Drug discovery in droplets. Demonstration of kinetic studies to explore the activity of enzymes and chemicals (after [17.78])

Directed evolution is another important application of droplet-based technology. Copies of genes or cells are distributed into each droplet compartment and are assayed for a specific phenotype. The positive droplets (the droplets containing the mutant genes) were sorted out and broken to recover the genotype for characterization [17.79]. Reverse-transcription PCR (GlossaryTerm

RT-PCR

) has emerged as a powerful technique to characterize the transcriptome of single cells in droplets [17.80]. This study will provide insights into the heterogeneity of the cells, their response to drugs or pathogens and the cause of various diseases. The single-cell transcriptomes are captured using the hydrogel microbeads, which are encapsulated in the droplets along with the cell. Entire transcriptomes of the cells were barcoded for identification purposes and this technique has reported a 13% mRNA capture efficiency (Fig. 17.23) [17.81].

Fig. 17.23a–d

The single-cell transcriptomes are captured using the hydrogel microbeads, which are encapsulated in the droplets along with the cell.

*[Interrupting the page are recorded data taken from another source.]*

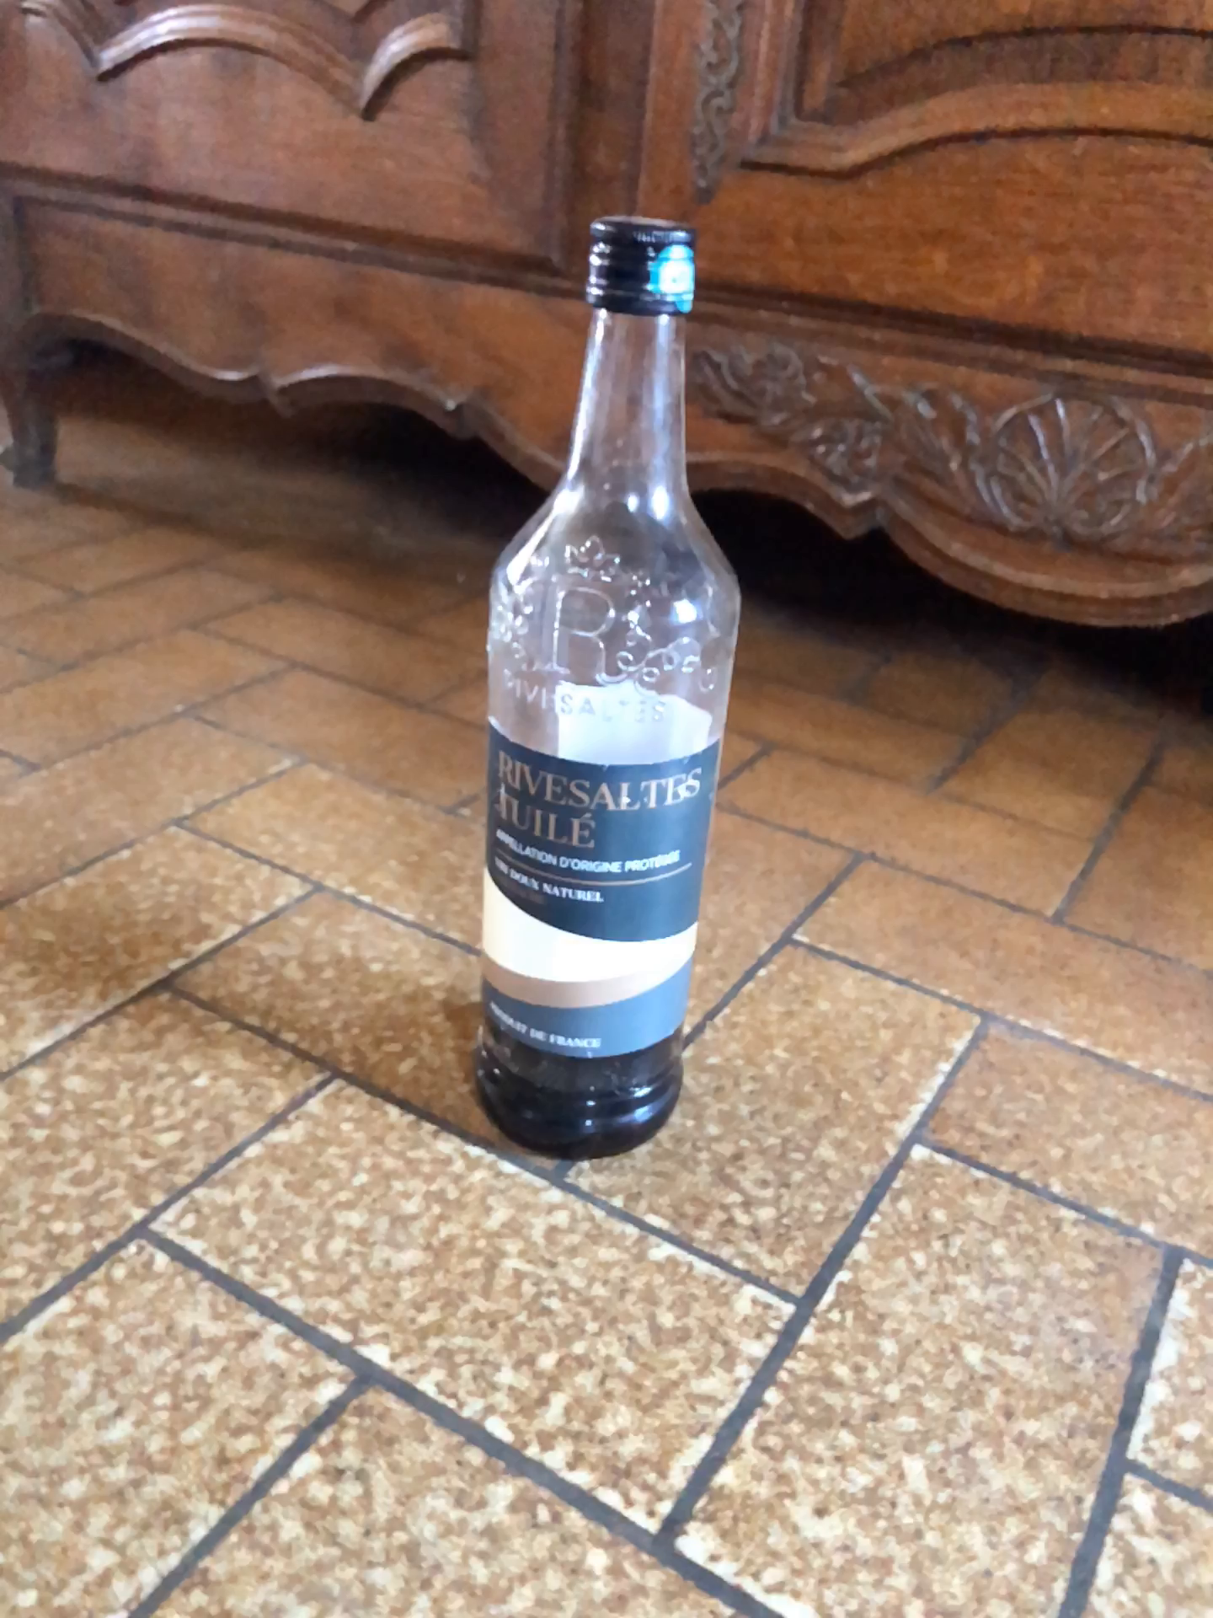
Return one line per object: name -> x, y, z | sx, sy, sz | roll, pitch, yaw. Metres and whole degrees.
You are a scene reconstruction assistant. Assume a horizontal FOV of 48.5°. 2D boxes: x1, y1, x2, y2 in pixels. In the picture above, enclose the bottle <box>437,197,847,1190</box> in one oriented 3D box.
bottle -> 0.006, -0.030, 0.438 | 0.090, 0.298, 0.091 | 4, 27, -2
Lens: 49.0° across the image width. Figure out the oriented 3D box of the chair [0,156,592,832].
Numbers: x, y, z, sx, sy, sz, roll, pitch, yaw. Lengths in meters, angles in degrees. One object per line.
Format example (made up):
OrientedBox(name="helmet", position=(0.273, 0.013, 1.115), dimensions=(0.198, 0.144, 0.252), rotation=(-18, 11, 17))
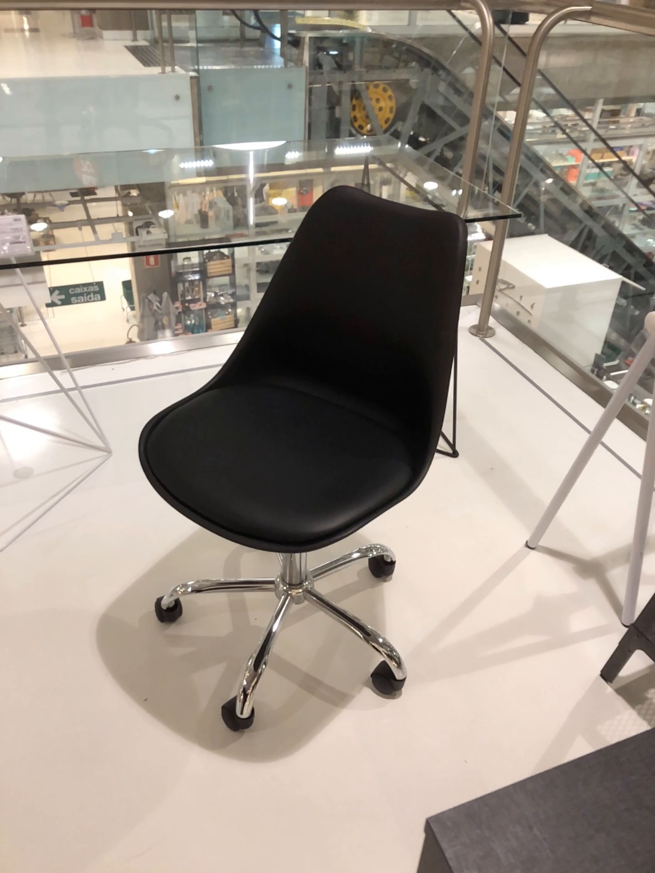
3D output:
OrientedBox(name="chair", position=(-0.040, 0.043, 1.284), dimensions=(0.632, 0.823, 0.633), rotation=(23, 40, 27))
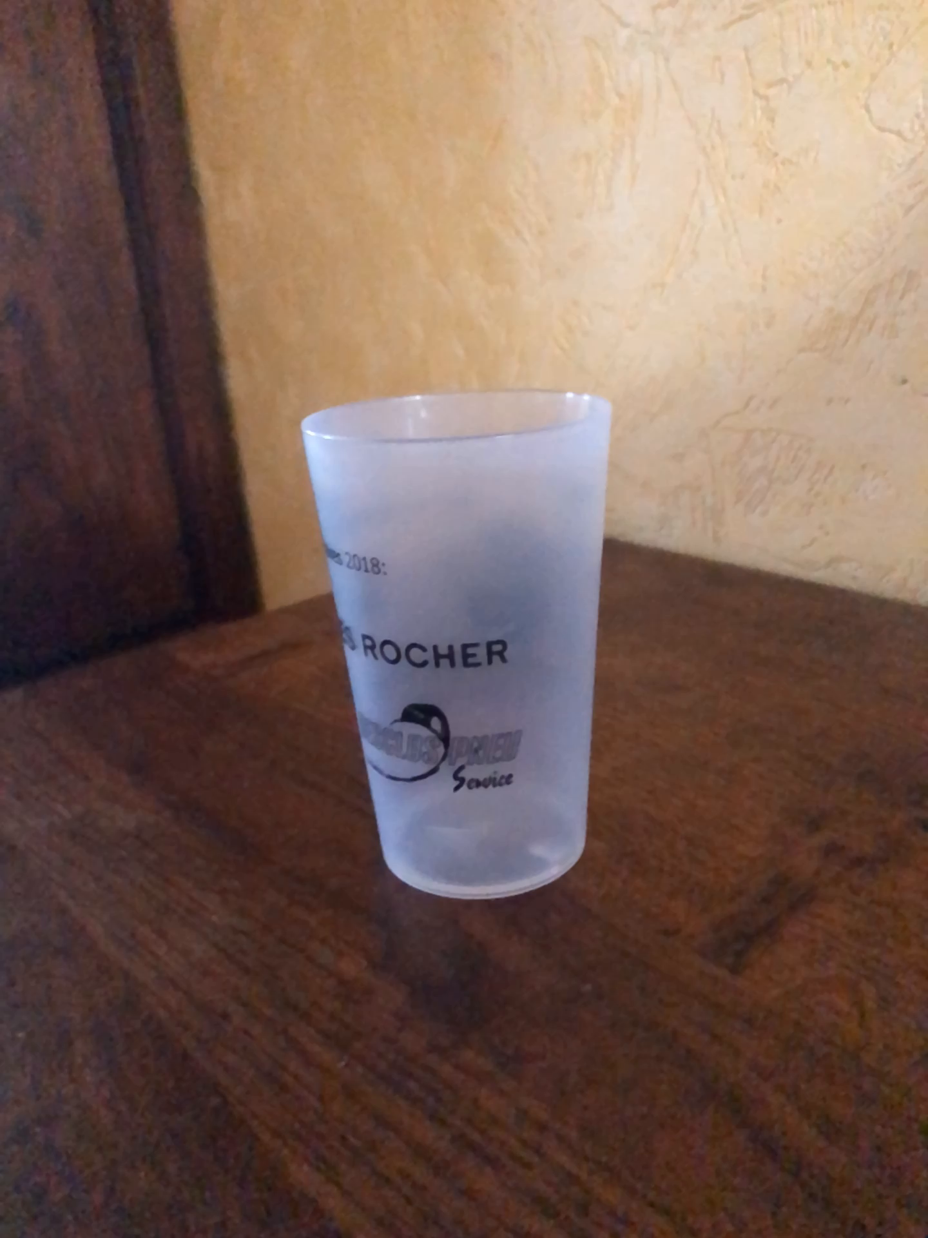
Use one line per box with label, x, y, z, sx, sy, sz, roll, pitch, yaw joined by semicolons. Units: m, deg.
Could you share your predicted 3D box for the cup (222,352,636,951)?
cup;-0.007;0.001;0.255;0.070;0.119;0.070;-3;19;1
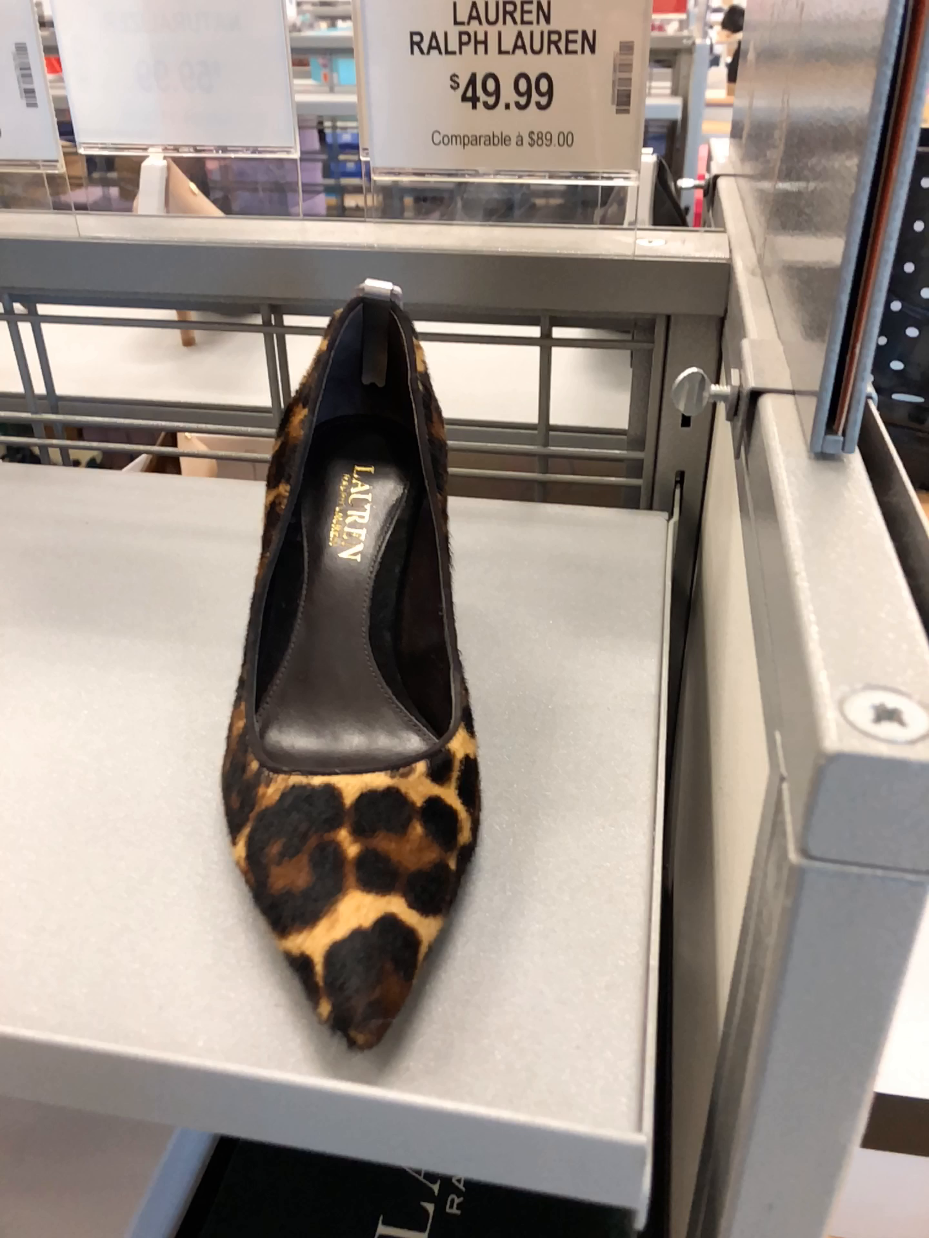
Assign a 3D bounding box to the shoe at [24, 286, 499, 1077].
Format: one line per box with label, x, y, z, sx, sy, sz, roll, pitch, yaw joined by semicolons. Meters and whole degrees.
shoe;-0.040;-0.011;0.343;0.090;0.129;0.272;-1;32;-1
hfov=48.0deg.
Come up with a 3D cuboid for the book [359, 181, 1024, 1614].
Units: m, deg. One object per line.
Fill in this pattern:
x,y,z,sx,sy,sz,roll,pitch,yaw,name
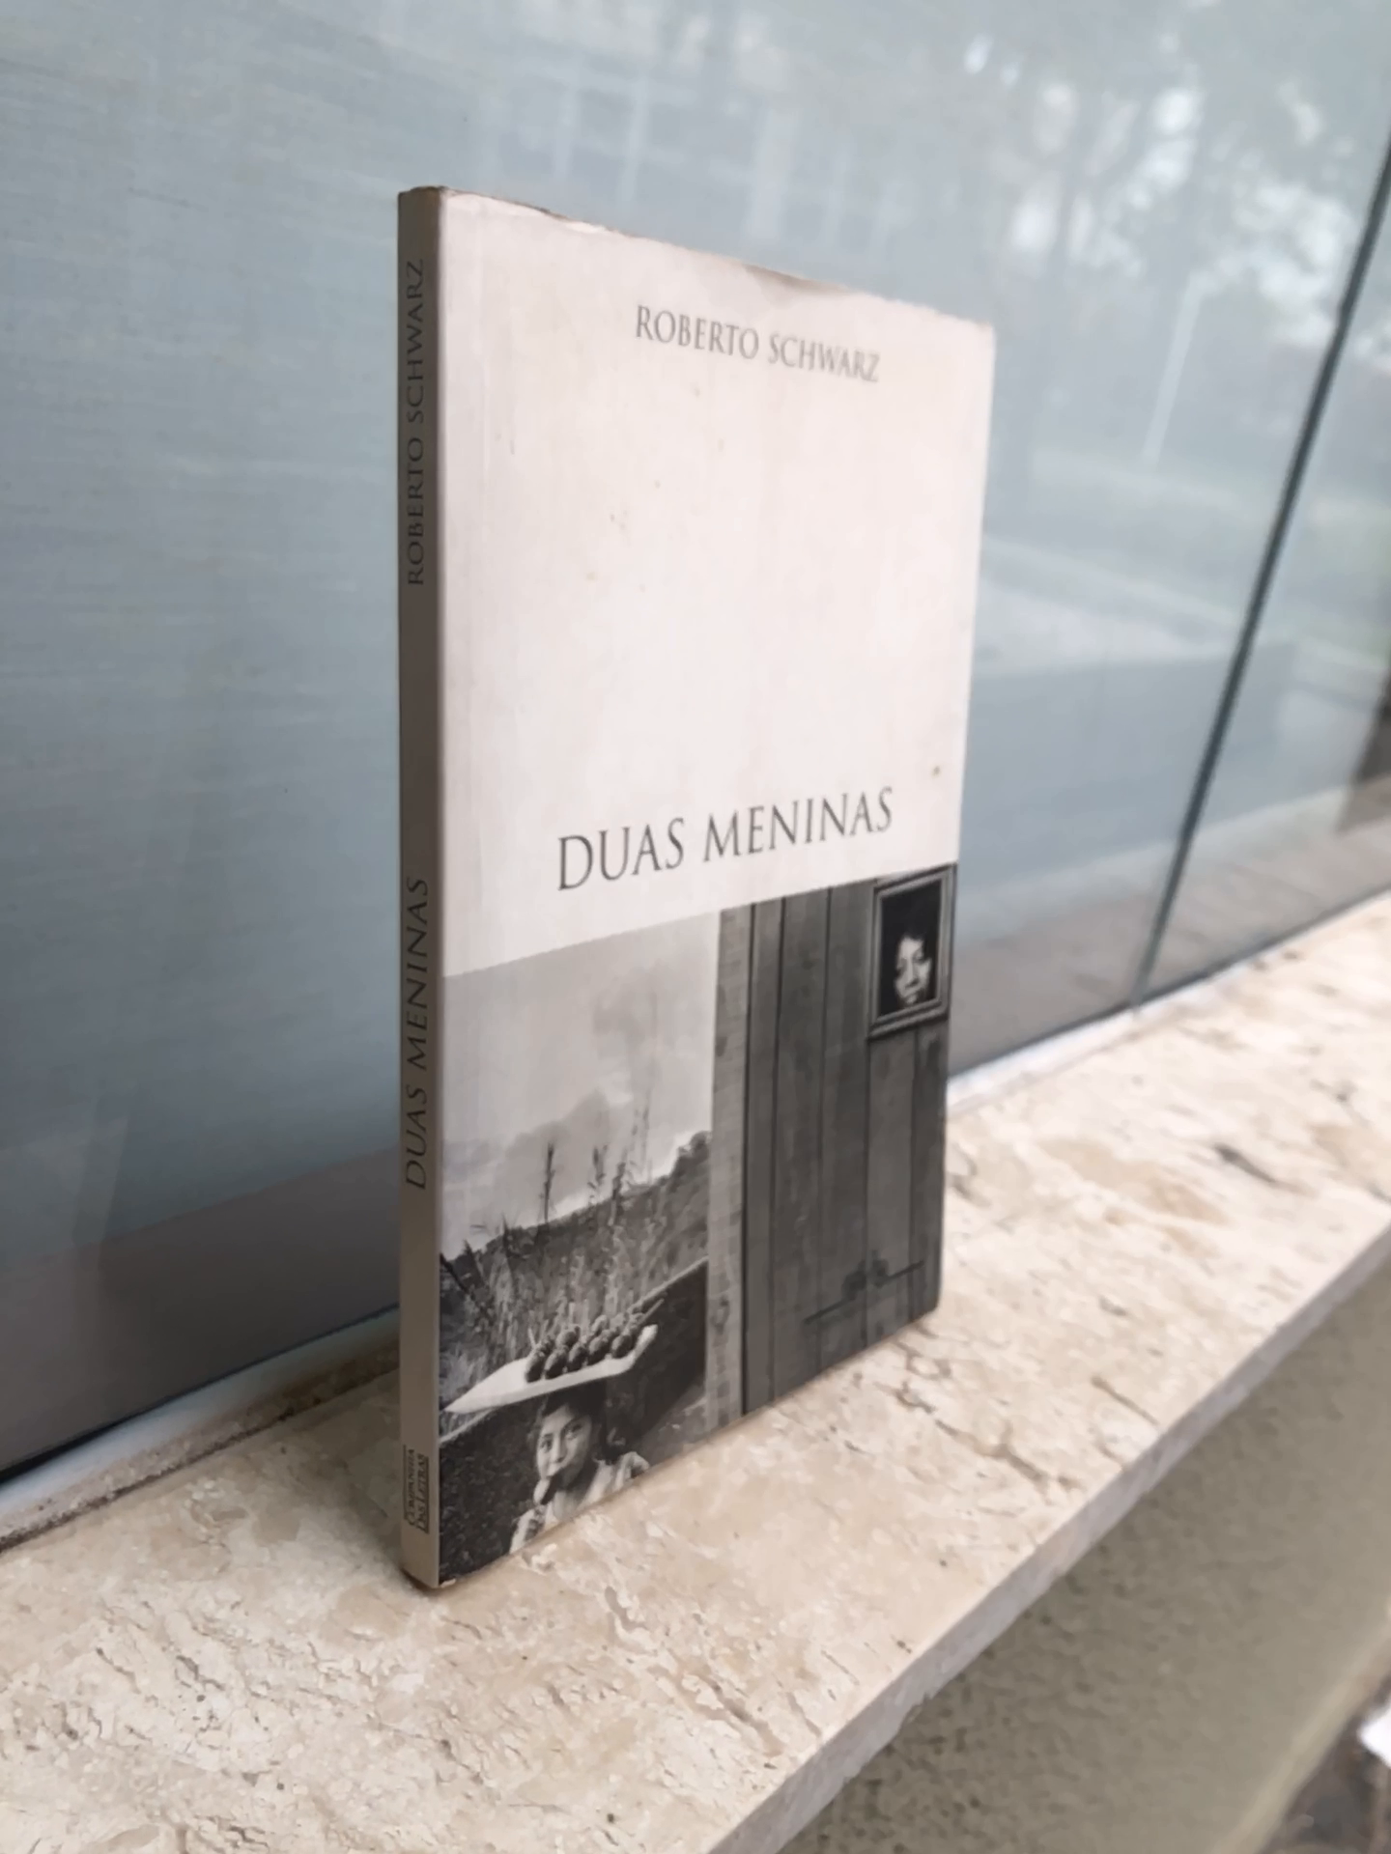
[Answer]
0.005,-0.006,0.274,0.016,0.205,0.139,13,17,41,book
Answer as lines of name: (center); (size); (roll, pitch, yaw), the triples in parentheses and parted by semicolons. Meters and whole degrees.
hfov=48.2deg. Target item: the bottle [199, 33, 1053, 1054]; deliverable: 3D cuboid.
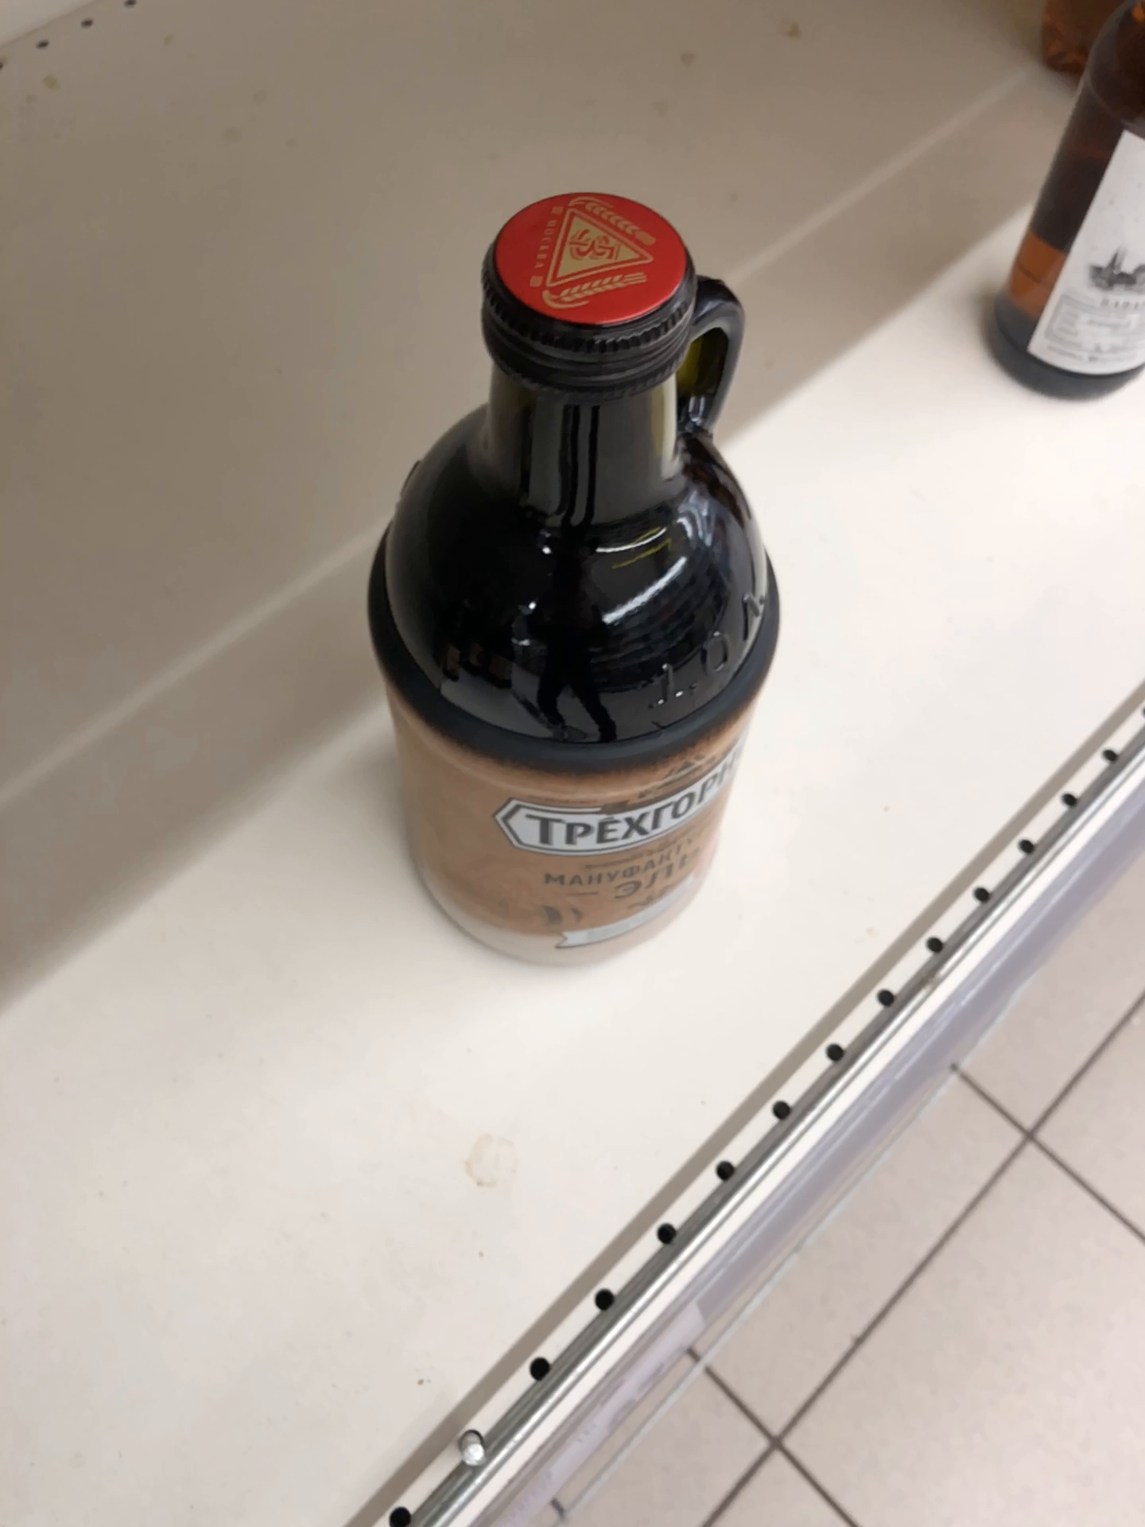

Entire transcriptomes of the cells were barcoded for identification purposes and this technique has reported a 13% mRNA capture efficiency. Reprinted from [17.81] with permission from Elsevier

5 Conclusion

In this chapter, we introduced droplet microfluidic technology and its ability to manipulate fluids on the micro/nanoscale. The chapter also covered droplet generation techniques, current trends in droplet microfluidics and generic applications. The field of droplet microfluidics has matured over the last decade, as droplet microfluidic technologies are now being applied to a wide variety of commercial applications. There remain technical challenges to enable large networks of microfluidic operations in integrated devices that researchers are working on. However, the future of this promising technology is bright and it is predicted that droplet microfluidics will become an indispensable tool for a wide range of fluidic diagnostic platforms.